フェラーリがホームレースのイタリアGPで惨敗し、パフォーマンス不足だけでなく、シャルル・ルクレールとルイス・ハミルトンの間で高まる緊張も露呈したことで、フェラーリF1のフレデリック・バスール代表の去就を巡るイタリア国内の臆測が再び強まっている。
イタリア紙『Corriere della Sera(コリエレ・デラ・セラ)』のダニエレ・ダッレラ記者は、バスール代表が契約を更新したにもかかわらず、上層部からの圧力はなくなっていないと伝えた。
「チーム代表としての彼の将来は不透明です。マラネロには上層部から大きなプレッシャーがかかっており、それが解任につながる可能性もあります」
ダッレラ記者は、フェラーリには現在、すぐに後任を任せられる明確な候補はいないとしながらも、結果が改善しなければ、最終的に今回のイタリアGPが転機となる可能性があると指摘した。
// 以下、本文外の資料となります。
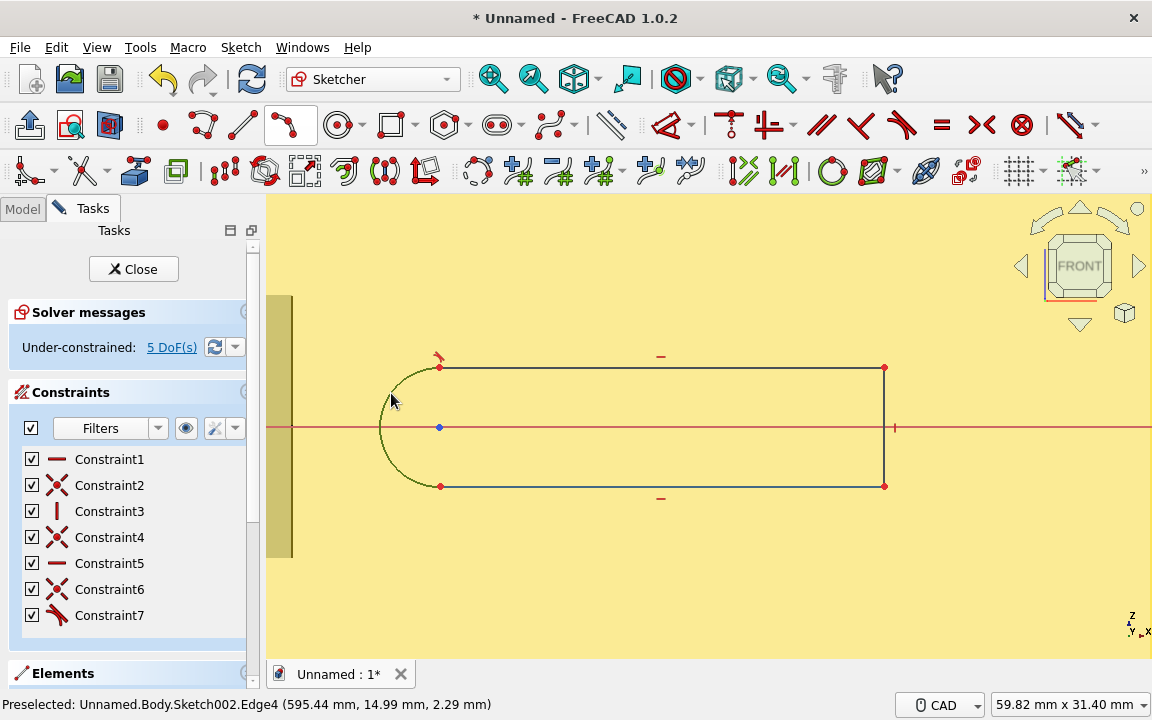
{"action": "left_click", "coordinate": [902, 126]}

「現時点では、バスールに代わるプランBはありません。しかし、今回のイタリアGPが状況を大きく変える可能性はあります。バスール率いるフェラーリは注視されています」
イタリアのスポーツ紙『Corriere dello Sport(コリエレ・デッロ・スポルト)』のフルビオ・ソルムス記者はさらに厳しく、フェラーリのリーダーシップの問題は、もはやマシンのパフォーマンスだけにとどまらないと論じた。
「チーム代表は、レース後ではなく、レース前にドライバーたちが争う際のルールを明確にしておくものです」
これは、ハミルトンが、フェラーリにはチームメイト同士が争う際の明文化されたルールがないと公に批判したことを受けたものだ。
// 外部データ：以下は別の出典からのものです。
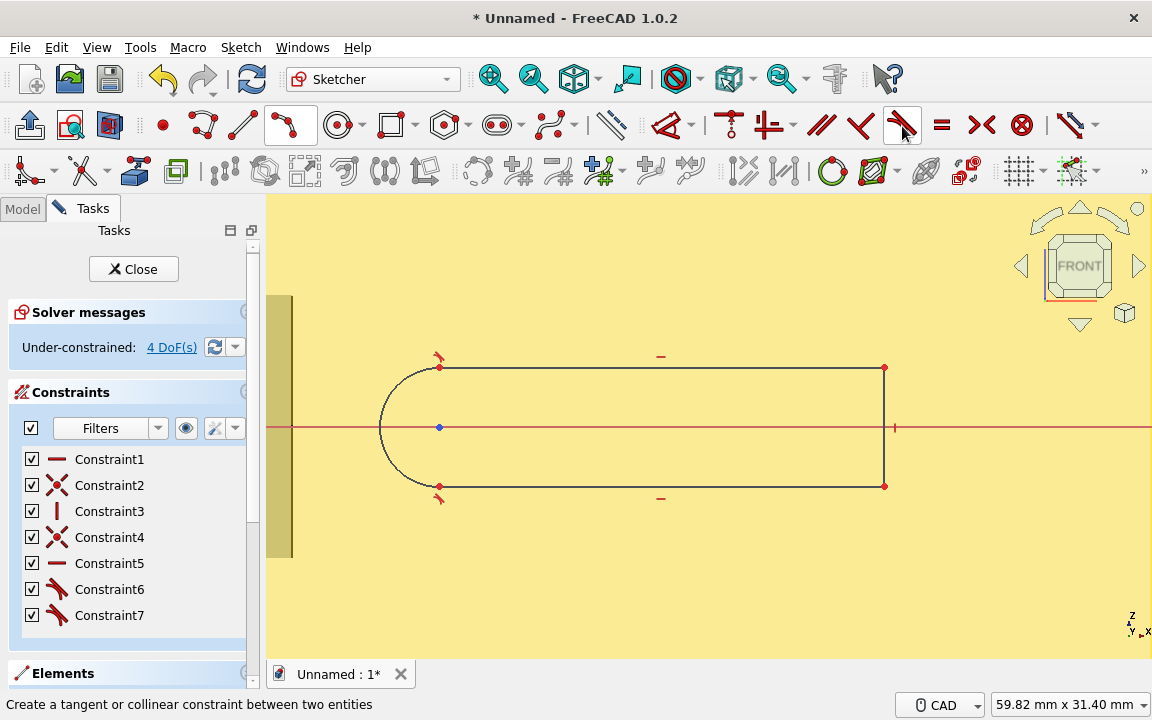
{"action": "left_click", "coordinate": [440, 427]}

一方、ルクレールは、2人が個人的に対立しているとの見方には反論している。
元F1ドライバーのラルフ・シューマッハは、より根深い問題は「結束の欠如」にあるとの見方を示した。
「彼らは互いに争い、無線で怒鳴り合い、レース後には責任を押し付け合っています」
ラルフは、ミハエル・シューマッハがタイトルを獲得していた時代のフェラーリと比較した。
「そのような非難は一度もありませんでしたし、何か話し合うべきことがあっても、それはチーム内部にとどめられていました。あの頃は家族でした」
フェラーリを長年取材してきたジャーナリストのレオ・トゥリーニも、その責任はバスール代表にあるとの見方を示した。
「マラネロに来てほぼ4年になるバスールが、この状況をまとめる責任を負っていることは間違いありません。もしそれができないのであれば、その先に何が必要なのかは、私たち全員が分かっています。」